According to Wallerstein’s theory, world economic systems include central states, as well as peripheral and semi-peripheral regions. Central states largely govern peripheral regions, while semi-peripheral regions serve as a buffer in many complex aspects. At the same time, the central states are constantly fighting each other. The competition between them became possible precisely because of the absence of any central organization that leads the capitalist economy.
Although the dependence theory lives among the intellectuals of the left wing, it was undermined by one large-scale phenomenon, which it can hardly explain. This is the example of dependency theory when a phenomenal economic growth in South Korea, Taiwan, Hong Kong, Singapore, Malaysia, and Thailand was observed. After the war, almost all these countries consciously recoiled from the import substitution policy that swept the whole of Latin America, and instead focused on economic development on the basis of exports with a great sense of purpose, deliberately tying themselves to foreign markets and capital through relations with transnational corporations. Moreover, it can not be argued that these countries had an unfair advantage at the start because of the abundance of natural resources or the capital accumulated in the past: unlike the oil-rich countries of the Middle East or certain types of raw materials of the countries of South America, they entered into competition without having anything, except the human capital of its own population.
Thus, the dependence theory can trace its intellectual heritage to the lengthy debates about free trade, various forms of protectionism, economic nationalism, as well as the problems of imperialism and colonialism.

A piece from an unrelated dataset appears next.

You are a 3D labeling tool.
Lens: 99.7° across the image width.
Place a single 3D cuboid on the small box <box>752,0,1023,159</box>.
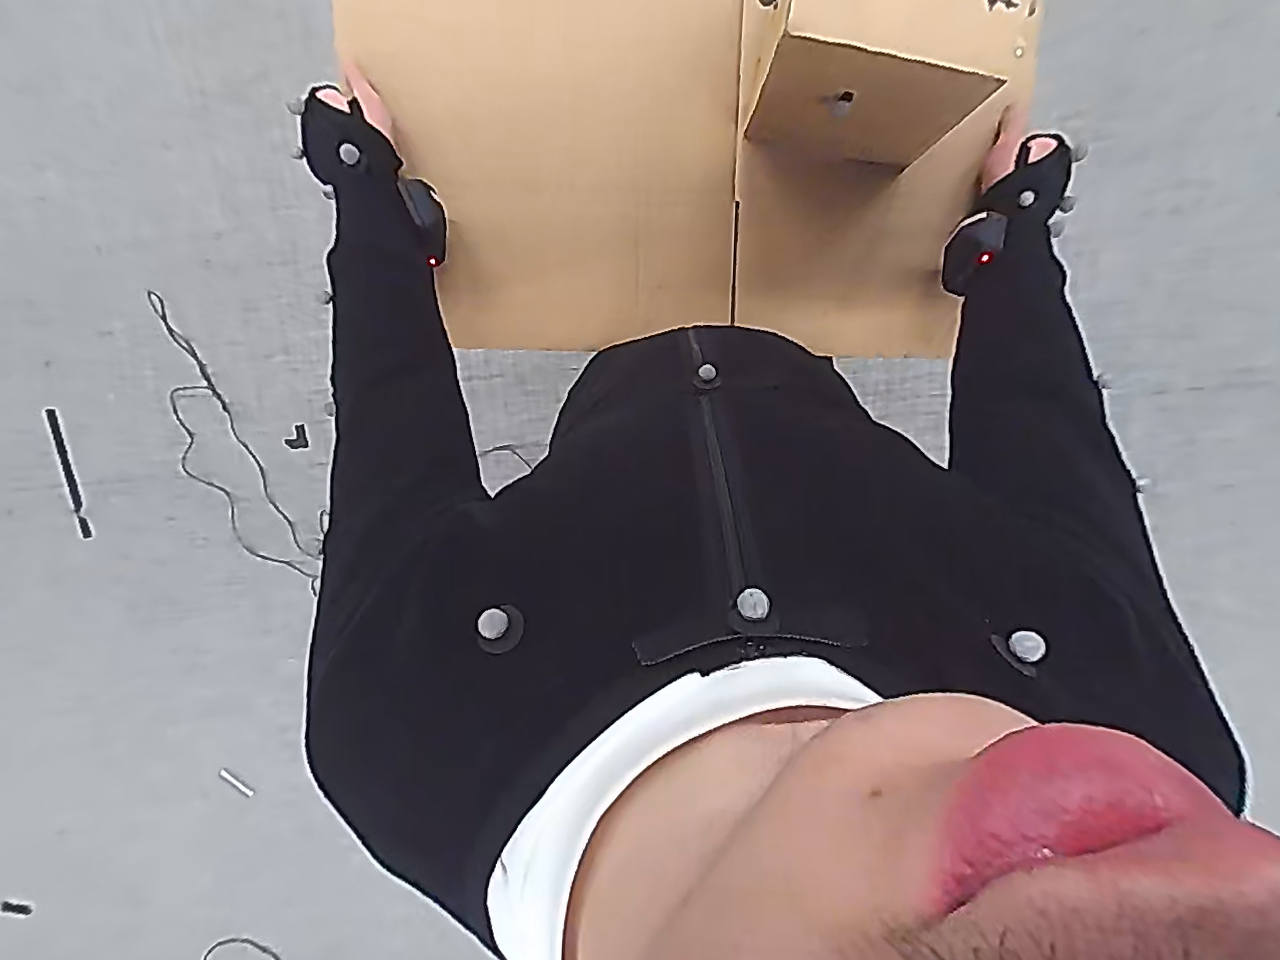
[{"bbox_3d":[0.208,-0.412,0.476,0.179,0.176,0.168,11,100,0],"label":"small box"}]

Critics of the theory of dependence argue that it underestimates the factor of the elite and the specifics of the local economy, these criticisms mainly point to the role played by corruption or the lack of a culture of commercial competition as the chronic backwardness of these countries. Nevertheless, the importance of dependency theory lies in the fact that it allows researchers to look at the issue the two opposite perspectives and develop the most beneficial way of making improvements.